(Beginning of Data section)
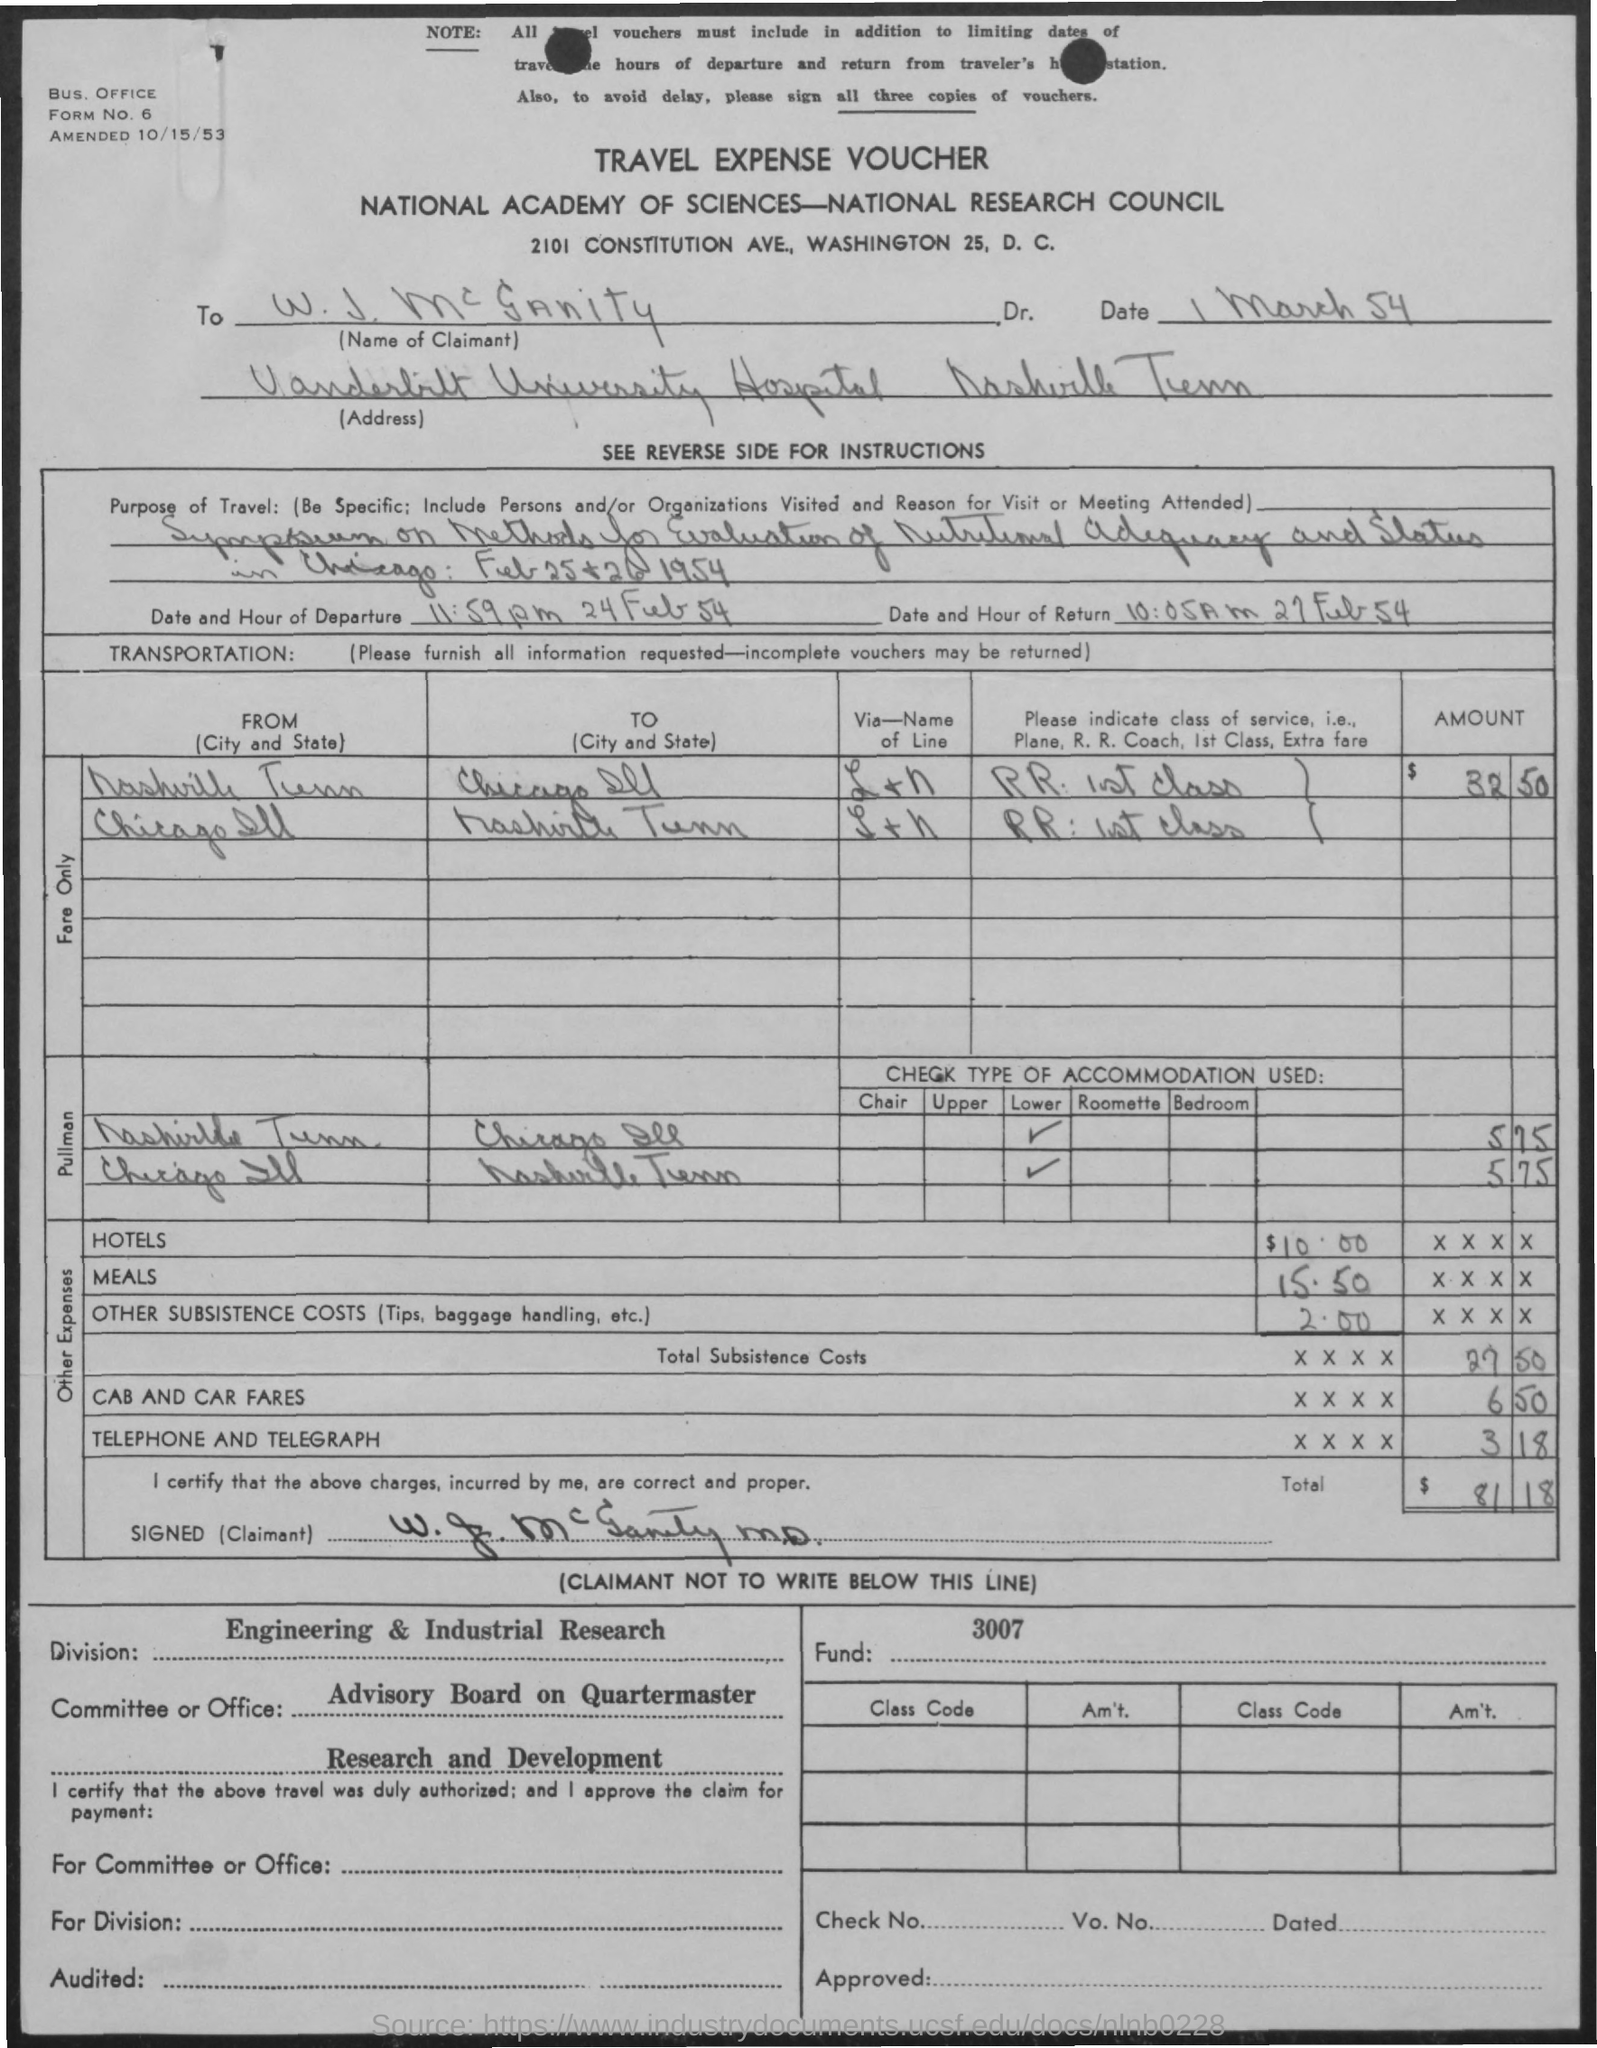Can you tell me to whom the travel expense voucher is made out? The voucher is made out to a Dr. W. J. McCrannity, who appears to have been traveling for research associated with the National Academy of Sciences—National Research Council. 
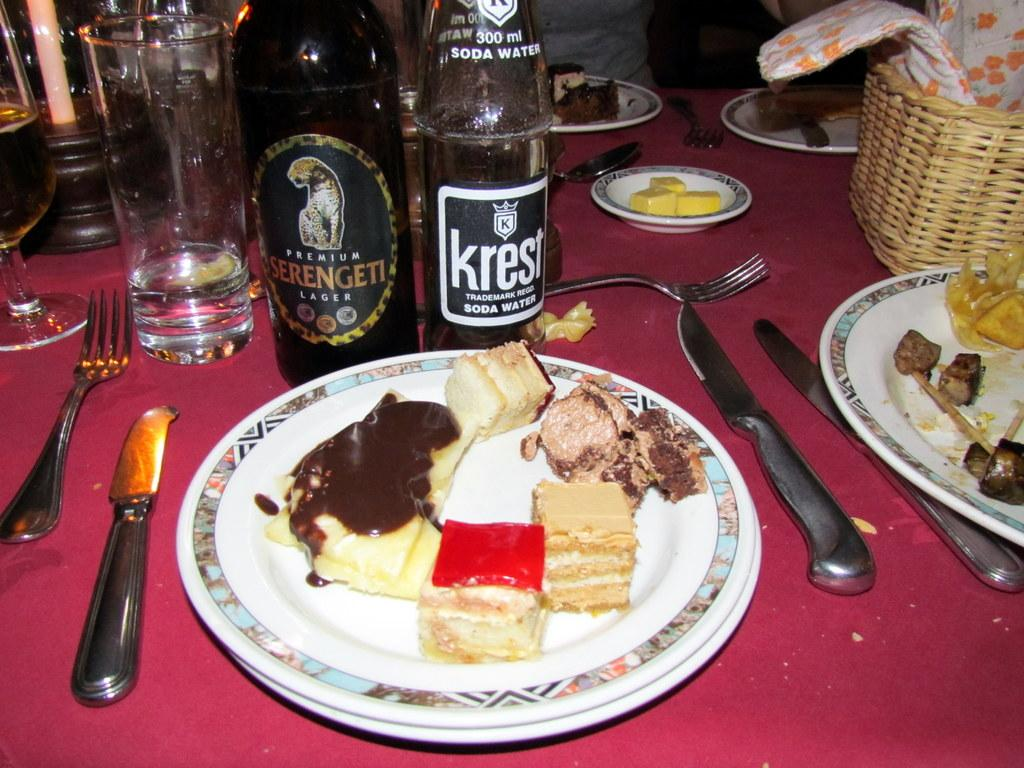<image>
Share a concise interpretation of the image provided. A bottle of Krest on a table next to a plate of food. 
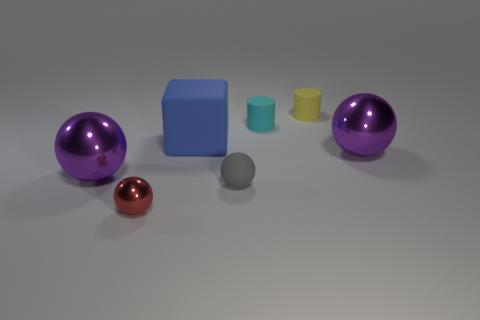Subtract all red spheres. How many spheres are left? 3 Subtract all green cylinders. How many purple spheres are left? 2 Add 2 matte things. How many objects exist? 9 Subtract all purple spheres. How many spheres are left? 2 Subtract all cylinders. How many objects are left? 5 Subtract 1 balls. How many balls are left? 3 Subtract 0 yellow spheres. How many objects are left? 7 Subtract all yellow cylinders. Subtract all blue balls. How many cylinders are left? 1 Subtract all tiny red balls. Subtract all tiny matte objects. How many objects are left? 3 Add 4 metallic balls. How many metallic balls are left? 7 
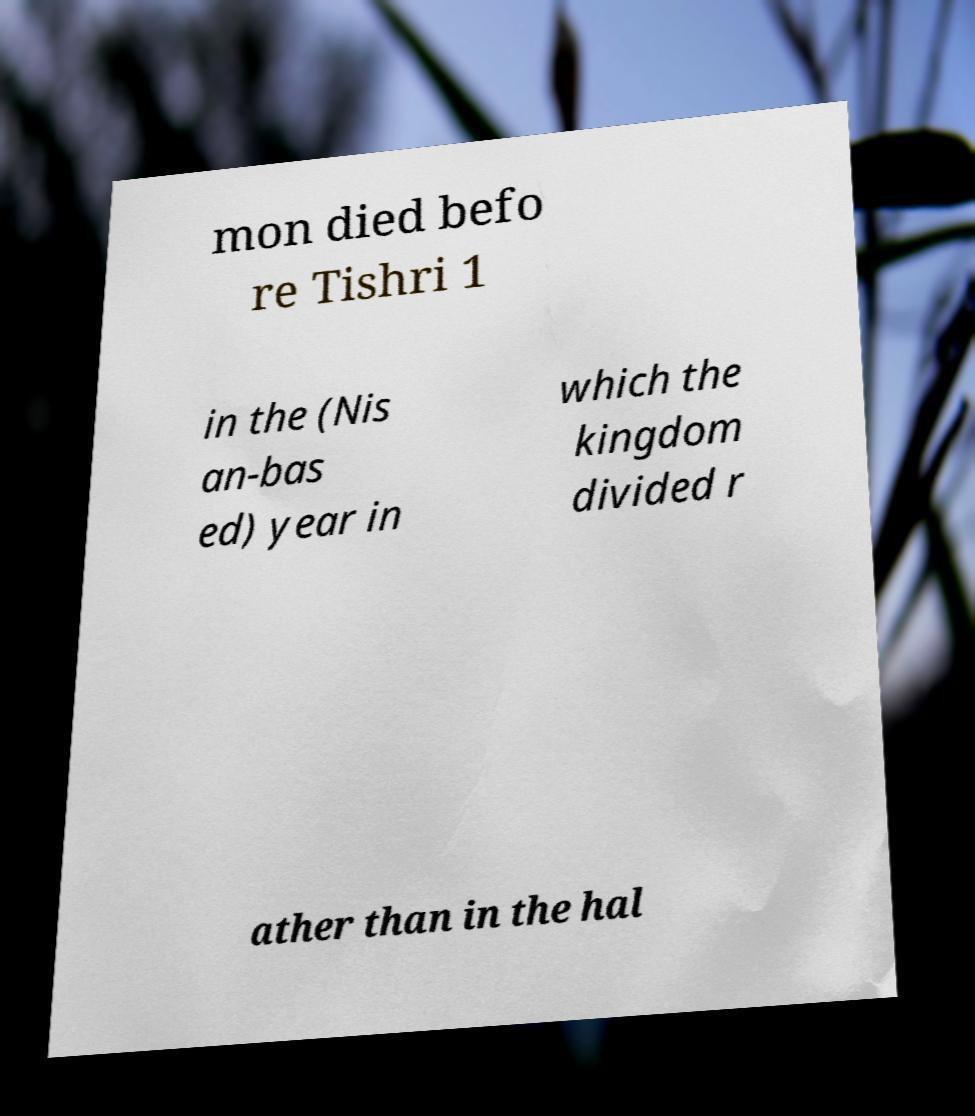Can you accurately transcribe the text from the provided image for me? mon died befo re Tishri 1 in the (Nis an-bas ed) year in which the kingdom divided r ather than in the hal
(End of Data section)
With the pictures omitted, the material is to be transcribed exactly.

#### Exercise output
Can you tell me to whom the travel expense voucher is made out? The voucher is made out to a Dr. W. J. McCrannity, who appears to have been traveling for research associated with the National Academy of Sciences—National Research Council. 
<image>
Share a concise interpretation of the image provided. A bottle of Krest on a table next to a plate of food. 
Subtract all red spheres. How many spheres are left? 3 Subtract all green cylinders. How many purple spheres are left? 2 Add 2 matte things. How many objects exist? 9 Subtract all purple spheres. How many spheres are left? 2 Subtract all cylinders. How many objects are left? 5 Subtract 1 balls. How many balls are left? 3 Subtract 0 yellow spheres. How many objects are left? 7 Subtract all yellow cylinders. Subtract all blue balls. How many cylinders are left? 1 Subtract all tiny red balls. Subtract all tiny matte objects. How many objects are left? 3 Add 4 metallic balls. How many metallic balls are left? 7 
Can you accurately transcribe the text from the provided image for me? mon died befo re Tishri 1 in the (Nis an-bas ed) year in which the kingdom divided r ather than in the hal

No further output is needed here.